• What you have to do:
Give back, exactly as written, the lines from the first line of the data below through the line with "18) person at [416, 333, 422, 340]", and omit the pictures.

-- Opening Marker --

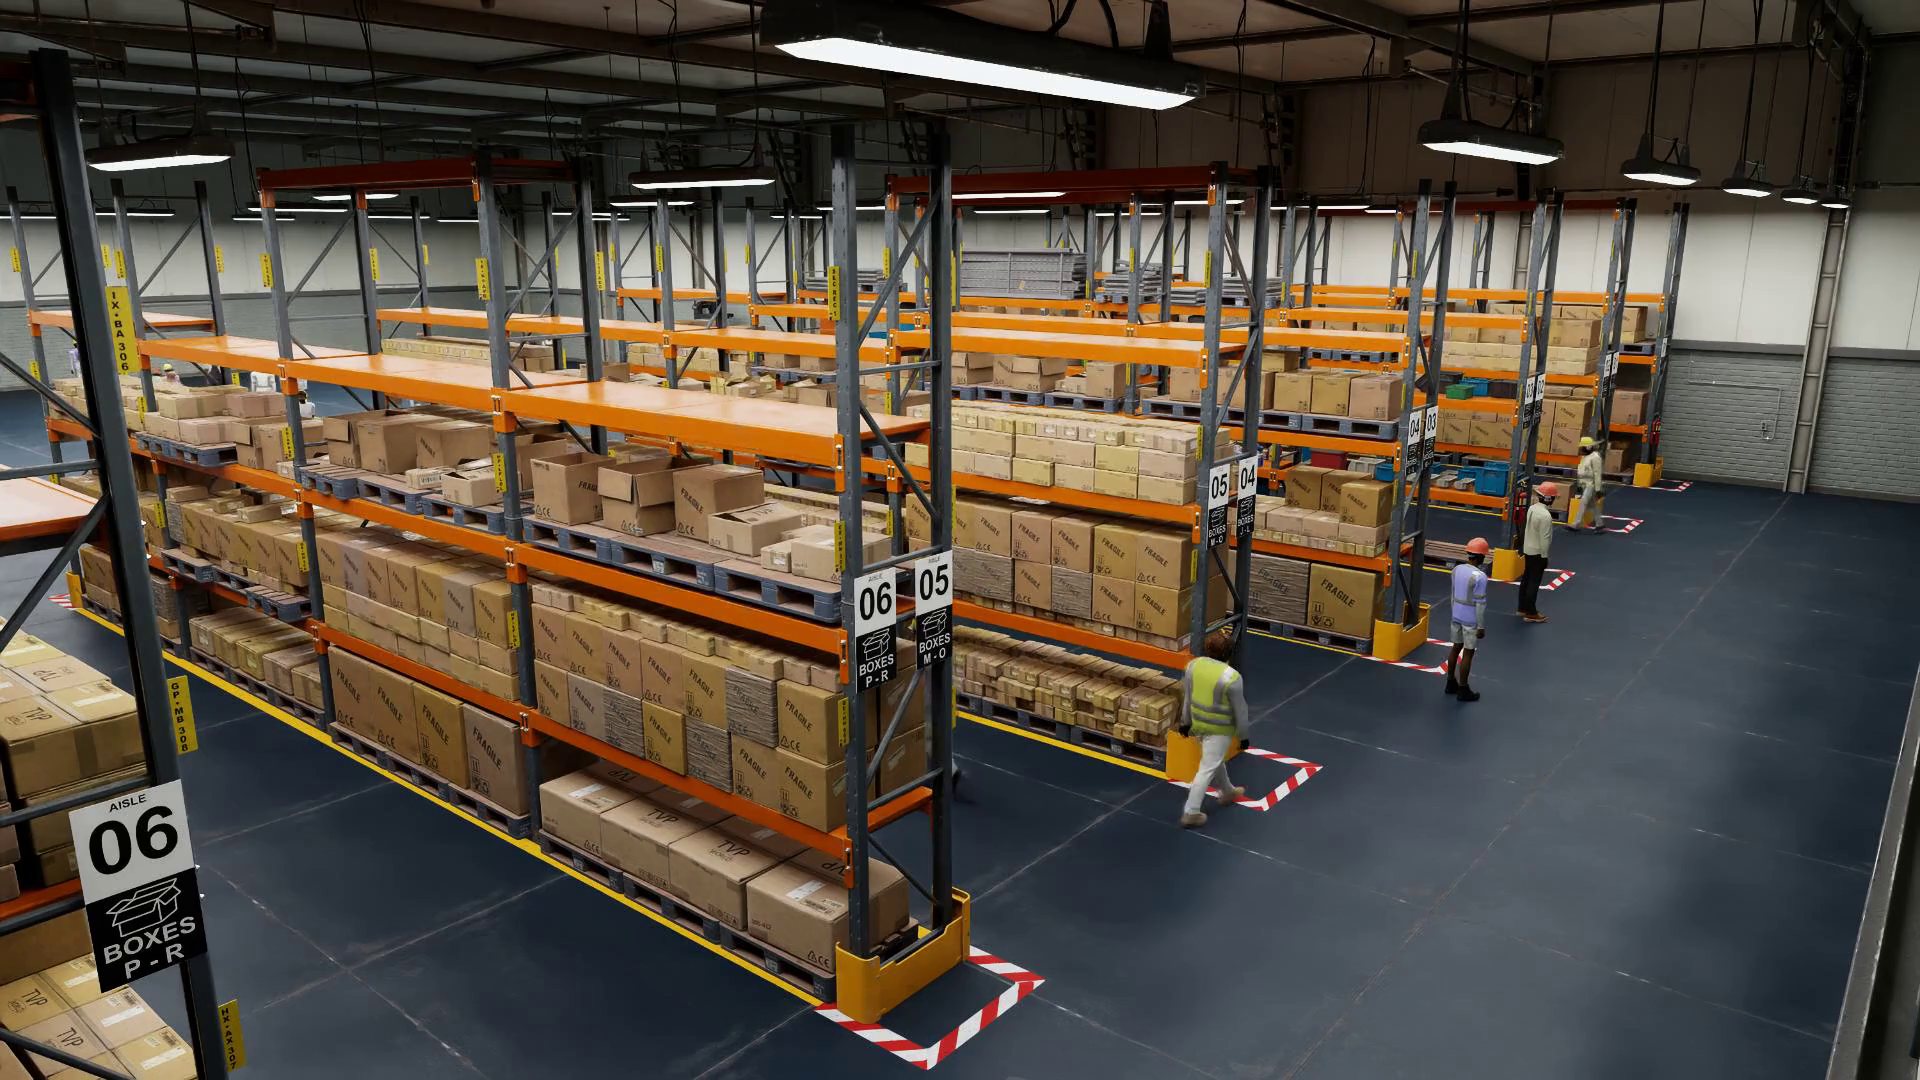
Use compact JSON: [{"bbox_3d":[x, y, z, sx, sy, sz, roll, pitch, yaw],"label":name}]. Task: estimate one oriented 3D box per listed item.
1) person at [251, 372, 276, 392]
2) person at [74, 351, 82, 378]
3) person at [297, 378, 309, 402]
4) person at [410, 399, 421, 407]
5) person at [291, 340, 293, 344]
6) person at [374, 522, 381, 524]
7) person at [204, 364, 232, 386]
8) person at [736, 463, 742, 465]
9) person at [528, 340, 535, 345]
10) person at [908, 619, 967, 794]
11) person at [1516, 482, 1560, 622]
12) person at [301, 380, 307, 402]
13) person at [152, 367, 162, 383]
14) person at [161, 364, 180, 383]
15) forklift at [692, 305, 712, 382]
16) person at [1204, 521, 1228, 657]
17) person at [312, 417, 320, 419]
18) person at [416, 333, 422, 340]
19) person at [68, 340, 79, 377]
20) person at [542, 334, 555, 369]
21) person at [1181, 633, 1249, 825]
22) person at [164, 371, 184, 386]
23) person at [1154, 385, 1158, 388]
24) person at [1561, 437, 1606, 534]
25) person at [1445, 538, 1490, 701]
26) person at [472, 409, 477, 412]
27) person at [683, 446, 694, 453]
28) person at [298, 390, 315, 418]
[{"bbox_3d":[-19.493,-4.100,35.299,0.622,2.018,0.882,-4,14,-16],"label":"person"},{"bbox_3d":[-26.647,-4.816,38.430,0.643,1.928,0.613,0,14,-1],"label":"person"},{"bbox_3d":[-19.717,-4.530,37.334,0.970,1.895,0.541,3,14,14],"label":"person"},{"bbox_3d":[-16.618,-4.673,38.243,0.532,1.737,0.525,-6,15,-24],"label":"person"},{"bbox_3d":[-22.519,-5.795,42.500,0.651,1.904,0.403,-1,14,-3],"label":"person"},{"bbox_3d":[-10.597,-1.070,23.007,0.361,1.930,0.589,0,14,0],"label":"person"},{"bbox_3d":[-22.899,-5.002,39.043,0.713,2.000,0.728,-2,14,-7],"label":"person"},{"bbox_3d":[-5.125,-2.713,29.987,0.997,1.838,0.590,-12,18,-41],"label":"person"},{"bbox_3d":[-14.977,-6.081,43.862,0.847,1.812,0.654,-9,16,-33],"label":"person"},{"bbox_3d":[-0.266,1.594,12.293,0.730,1.814,0.593,6,15,24],"label":"person"},{"bbox_3d":[8.199,0.158,17.845,0.406,1.986,0.617,1,14,4],"label":"person"},{"bbox_3d":[-20.195,-4.776,38.351,0.573,1.883,0.353,-10,17,-36],"label":"person"},{"bbox_3d":[-23.343,-4.215,36.599,0.544,1.613,0.469,4,14,14],"label":"person"},{"bbox_3d":[-22.553,-4.156,36.041,0.304,1.772,0.525,6,15,22],"label":"person"},{"bbox_3d":[-9.511,-7.392,47.124,1.873,2.768,1.129,11,17,38],"label":"forklift"},{"bbox_3d":[3.190,0.567,16.039,0.385,2.041,0.615,8,16,30],"label":"person"},{"bbox_3d":[-13.047,-1.648,25.737,0.552,1.751,0.358,0,14,-2],"label":"person"},{"bbox_3d":[-19.639,-6.601,45.873,0.762,1.882,0.658,7,15,25],"label":"person"},{"bbox_3d":[-29.825,-5.853,42.698,0.590,1.923,0.383,-12,18,-41],"label":"person"},{"bbox_3d":[-15.241,-6.805,46.808,0.526,1.829,0.444,-3,14,-13],"label":"person"},{"bbox_3d":[2.398,1.735,11.767,0.960,1.793,0.657,-10,17,-34],"label":"person"},{"bbox_3d":[-20.591,-3.487,33.020,0.662,1.891,0.642,-3,14,-14],"label":"person"},{"bbox_3d":[4.996,-3.070,31.504,0.959,1.798,0.586,11,17,38],"label":"person"},{"bbox_3d":[11.545,-0.997,23.040,0.797,1.779,0.656,1,14,6],"label":"person"},{"bbox_3d":[6.001,0.918,14.838,0.389,1.929,0.545,-4,14,-15],"label":"person"},{"bbox_3d":[-14.609,-4.611,37.664,0.503,1.883,0.683,1,14,3],"label":"person"},{"bbox_3d":[-4.716,-0.755,21.997,0.985,1.790,0.647,5,15,21],"label":"person"},{"bbox_3d":[-15.238,-2.570,29.318,0.517,1.865,0.327,-7,15,-25],"label":"person"}]
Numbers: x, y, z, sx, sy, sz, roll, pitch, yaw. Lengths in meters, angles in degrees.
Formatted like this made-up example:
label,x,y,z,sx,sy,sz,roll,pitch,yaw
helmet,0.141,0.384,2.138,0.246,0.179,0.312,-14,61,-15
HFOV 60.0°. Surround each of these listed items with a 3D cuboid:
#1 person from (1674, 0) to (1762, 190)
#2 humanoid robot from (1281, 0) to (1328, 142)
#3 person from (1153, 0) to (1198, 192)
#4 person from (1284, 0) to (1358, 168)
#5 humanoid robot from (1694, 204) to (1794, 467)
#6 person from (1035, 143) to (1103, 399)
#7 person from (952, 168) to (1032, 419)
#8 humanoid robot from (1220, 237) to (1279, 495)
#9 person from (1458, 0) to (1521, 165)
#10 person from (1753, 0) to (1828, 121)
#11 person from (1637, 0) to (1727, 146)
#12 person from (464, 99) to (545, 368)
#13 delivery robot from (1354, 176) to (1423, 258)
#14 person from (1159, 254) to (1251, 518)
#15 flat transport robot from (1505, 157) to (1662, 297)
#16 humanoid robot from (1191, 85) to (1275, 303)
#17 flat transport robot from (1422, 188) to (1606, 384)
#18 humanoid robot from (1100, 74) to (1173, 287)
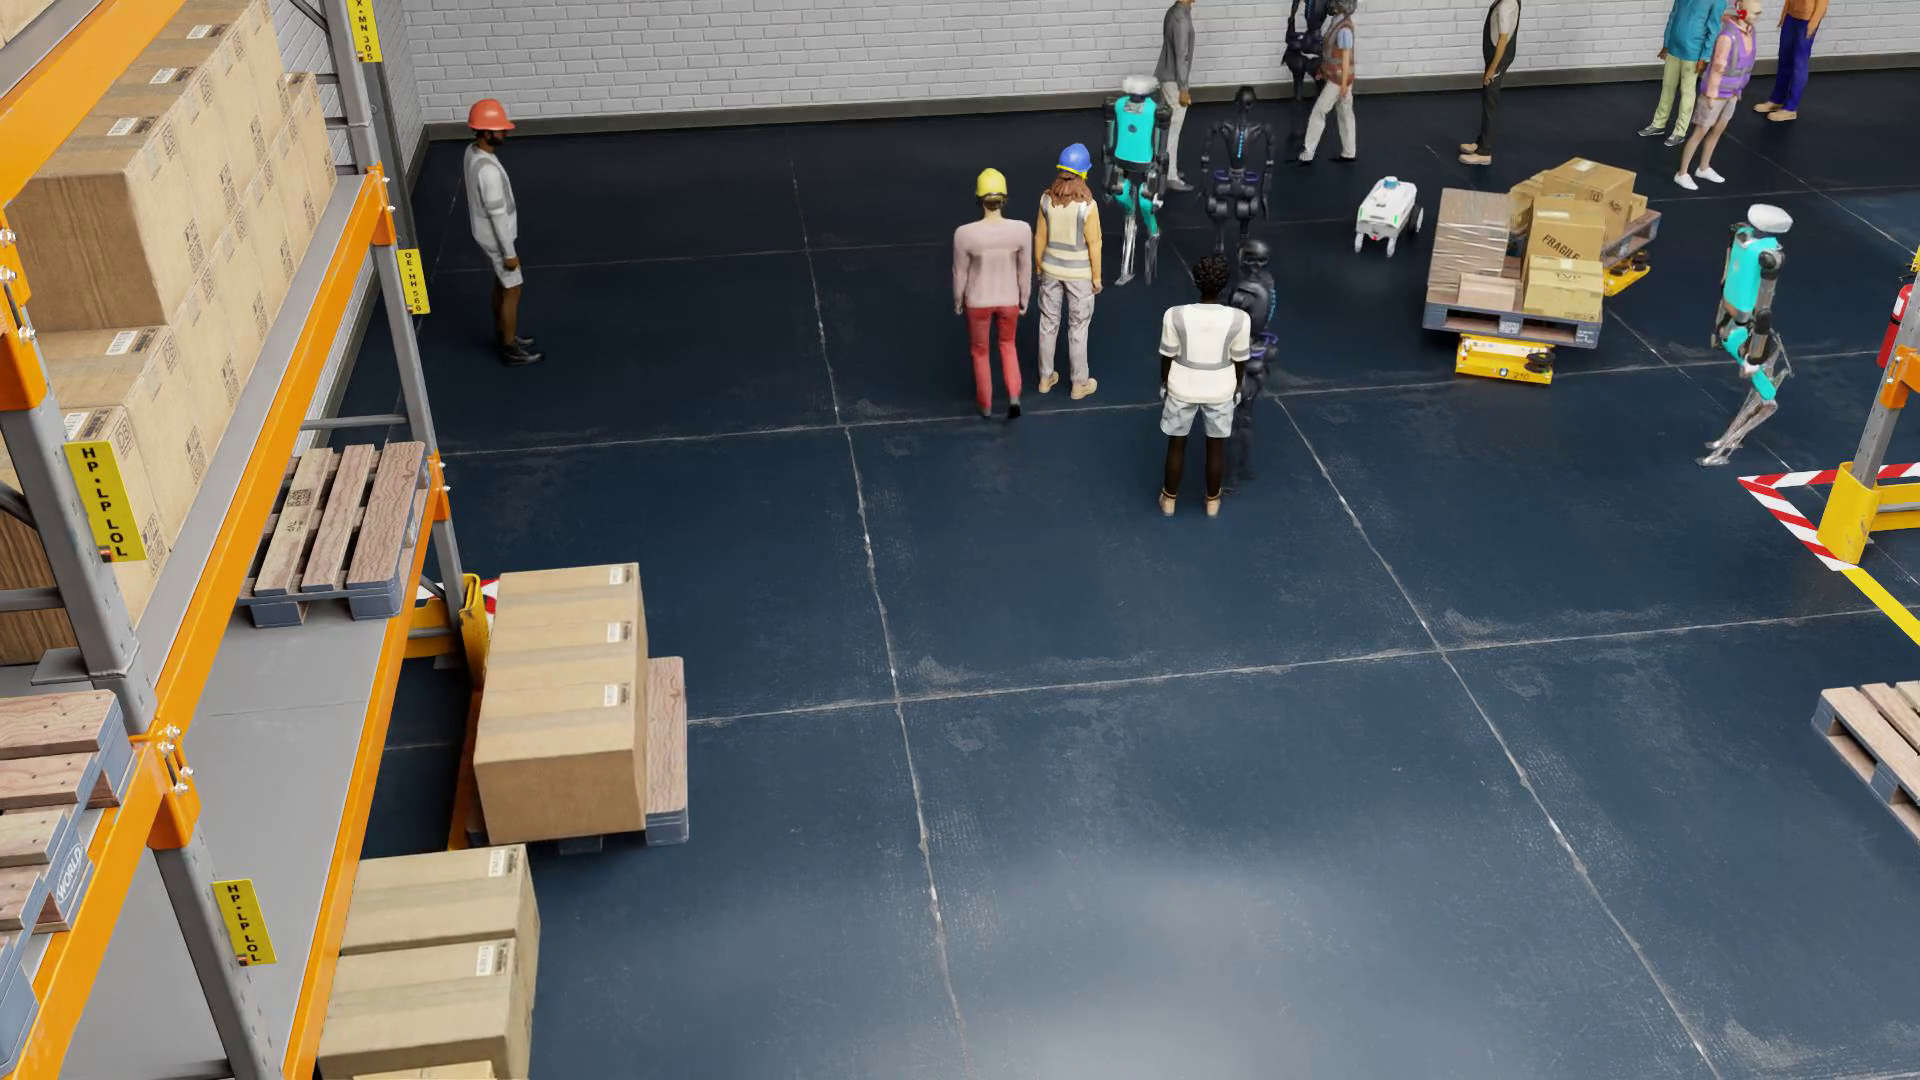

-- Closing Marker --

• Written solution:
Use compact JSON: [{"bbox_3d":[x, y, z, sx, sy, sz, roll, pitch, yaw],"label":name}]. Task: estimate one oriented 3D box per listed item.
1) person at [251, 372, 276, 392]
2) person at [74, 351, 82, 378]
3) person at [297, 378, 309, 402]
4) person at [410, 399, 421, 407]
5) person at [291, 340, 293, 344]
6) person at [374, 522, 381, 524]
7) person at [204, 364, 232, 386]
8) person at [736, 463, 742, 465]
9) person at [528, 340, 535, 345]
10) person at [908, 619, 967, 794]
11) person at [1516, 482, 1560, 622]
12) person at [301, 380, 307, 402]
13) person at [152, 367, 162, 383]
14) person at [161, 364, 180, 383]
15) forklift at [692, 305, 712, 382]
16) person at [1204, 521, 1228, 657]
17) person at [312, 417, 320, 419]
18) person at [416, 333, 422, 340]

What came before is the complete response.